Worse, consumers who take out cash advances usually give up their grace period -- the period during which, on ordinary purchases, consumers can use their credit cards without incurring any interest charges, as long as they don't carry balances. With a typical cash advance, interest is charged from the moment the cash is withdrawn.
Jones says those cash advance interest rates top 40 percent, depending on the cardholder's creditworthiness. That's going to drive away consumers, who since 2008 have been less willing to take on credit card debt, even if it comes with reasonable terms. "Even people who are creditworthy, who have jobs, aren't borrowing money," Robertson says.
Another reason: Given the recession, credit card issuers are skittish about high-risk customers -- and most cash-advance customers fit that description, Robertson says. "They're falling -- from creditworthy into something else," he says.
He adds that terms of the Credit CARD Act, the majority of which took effect in February of 2010, make it more difficult for card companies to penalize consumers who default on their loans. In other words, cash advances -- a key revenue stream for credit card issuers -- are becoming less profitable.
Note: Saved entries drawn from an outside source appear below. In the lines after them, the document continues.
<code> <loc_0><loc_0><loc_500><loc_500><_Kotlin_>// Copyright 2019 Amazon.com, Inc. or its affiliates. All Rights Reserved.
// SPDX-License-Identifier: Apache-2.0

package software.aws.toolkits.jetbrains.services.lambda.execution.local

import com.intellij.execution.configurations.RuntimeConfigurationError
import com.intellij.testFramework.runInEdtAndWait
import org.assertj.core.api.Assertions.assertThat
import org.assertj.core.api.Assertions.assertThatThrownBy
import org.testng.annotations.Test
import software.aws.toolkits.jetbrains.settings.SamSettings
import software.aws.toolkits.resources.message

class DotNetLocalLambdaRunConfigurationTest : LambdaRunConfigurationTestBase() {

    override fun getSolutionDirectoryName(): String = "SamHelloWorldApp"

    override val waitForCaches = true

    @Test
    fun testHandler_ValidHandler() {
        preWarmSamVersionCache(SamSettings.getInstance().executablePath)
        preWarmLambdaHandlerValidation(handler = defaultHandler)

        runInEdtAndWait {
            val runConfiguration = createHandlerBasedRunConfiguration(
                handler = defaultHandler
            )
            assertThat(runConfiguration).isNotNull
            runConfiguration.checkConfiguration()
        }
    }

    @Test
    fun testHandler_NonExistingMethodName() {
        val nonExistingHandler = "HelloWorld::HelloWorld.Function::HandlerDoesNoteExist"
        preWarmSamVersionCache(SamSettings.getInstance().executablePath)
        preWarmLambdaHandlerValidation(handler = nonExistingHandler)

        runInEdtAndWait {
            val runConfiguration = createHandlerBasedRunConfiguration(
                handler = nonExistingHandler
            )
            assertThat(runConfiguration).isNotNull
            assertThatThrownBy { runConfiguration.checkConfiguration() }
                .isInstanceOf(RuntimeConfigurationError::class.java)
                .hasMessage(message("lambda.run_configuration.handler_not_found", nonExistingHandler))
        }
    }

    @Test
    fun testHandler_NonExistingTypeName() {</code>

Yet he doesn't think the decline signals the death of cash advances. "It's a cycle," Robertson says. "Americans are working their way through deleveraging, and credit card issuers are figuring out how to work through the CARD Act."
Not always a bad choice
As unwise as cash advances are, financial advisers say there are times when they might be an acceptable financial choice.
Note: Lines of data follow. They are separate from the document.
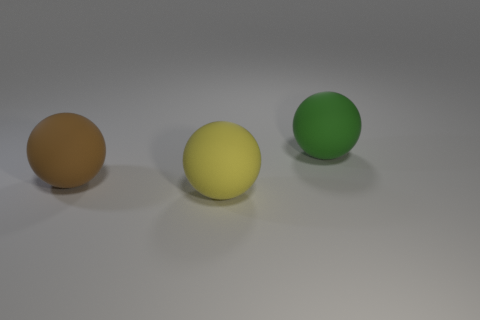How many big things are either yellow rubber things or green matte things?
Your answer should be compact. 2. What number of small cyan things have the same shape as the big green object?
Make the answer very short. 0. What number of big objects are in front of the green rubber ball?
Provide a short and direct response. 2. Are there any brown balls of the same size as the green matte sphere?
Your answer should be compact. Yes. Are any big brown matte things visible?
Your answer should be very brief. Yes. Are there an equal number of brown objects that are in front of the large yellow thing and balls?
Offer a terse response. No. Is the yellow rubber object the same shape as the large brown object?
Provide a succinct answer. Yes. What number of things are either large matte things that are on the left side of the yellow sphere or small purple rubber blocks?
Your answer should be very brief. 1. Is the number of green balls right of the large green object the same as the number of matte balls to the right of the brown matte sphere?
Keep it short and to the point. No. How many other things are the same shape as the big yellow rubber object?
Provide a short and direct response. 2.

One is when you're looking for a very short-term loan.
J. David Lewis, a financial planner who lives in Knoxville, Tenn., plans to use a cash advance from his MasterCard to buy a used video camera for his 26-year-old son, a professional photographer who doesn't have a credit card.
His son plans to buy the camera from an individual, not a store, and needs to use cash. Without his own credit card, the son has few options. "The market doesn't have a lender for that, and if it does, you wouldn't want to cross their door," Lewis says. His son will write the monthly checks to the credit card issuer to repay the loan, a strategy Lewis hopes will introduce his son to the habit of borrowing money and repaying it in a timely fashion.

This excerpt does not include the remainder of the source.